# Sentiment Analysis with Deep Learning

# Phase 3- Prediction

This notebook consists the functions and code for scraping comments from Amazon website, pre-prosessing them and prediction with the model.  

### CHRISP-DM phase

Deployment phase for CRISP-DM can be found in this noteboook.

#### 6.Deployment

Generally this will mean deploying a code representation of the model into an operating system to score or categorize new unseen data as it arises and to create a mechanism for the use of that new information in the solution of the original business problem.
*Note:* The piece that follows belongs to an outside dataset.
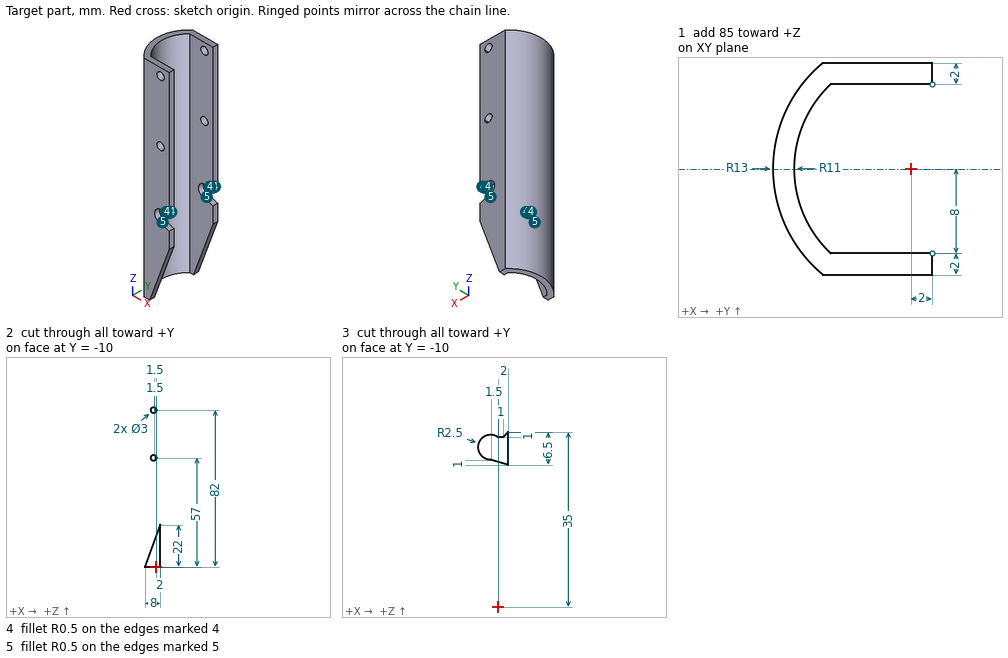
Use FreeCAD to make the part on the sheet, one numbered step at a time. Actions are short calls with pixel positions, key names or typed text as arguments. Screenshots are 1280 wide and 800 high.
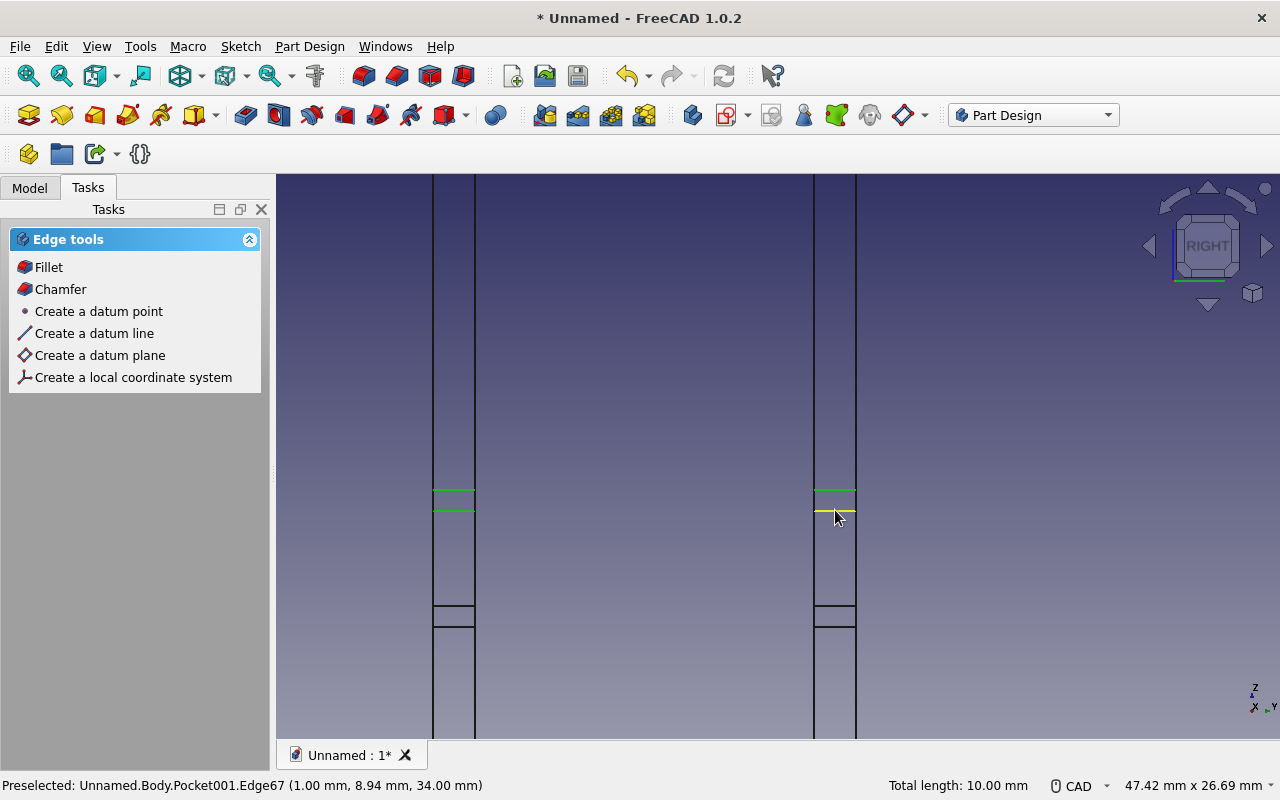
click(835, 510, ctrl)

Importantly, the code representation must also include all the data prep steps leading up to modeling so that the model will treat new raw data in the same manner as during model development.

### Table of Contents

- 1. Import Libraries
- 2. Define Functions 
- 3. Load-Read-Extract
- 4. Pre-Processig
- 5. Tokenizing-Sequenzing-Padding
- 6. Exploratory Data Analysis (EDA)


## 1. Import Libraries

In [1]:

import pandas as pd 
import numpy as np
import string
from nltk.corpus import stopwords
stop = stopwords.words('english')
from sklearn.metrics import accuracy_score
np.random.seed(0)
import pickle

from keras.models import Model, Sequential, Input
from keras.models import load_model
from keras.preprocessing import text, sequence
from keras.preprocessing.text import Tokenizer
from keras.preprocessing.sequence import pad_sequences
from keras.preprocessing import text, sequence

import urllib.request
import urllib.parse
import urllib.error
from bs4 import BeautifulSoup
import ssl
import joblib

Using TensorFlow backend.


### Load the trained model

In [25]:
#model = load_model('cnn_2cnv.h5')

model = joblib.load("models/joblib_RL_Model.pkl")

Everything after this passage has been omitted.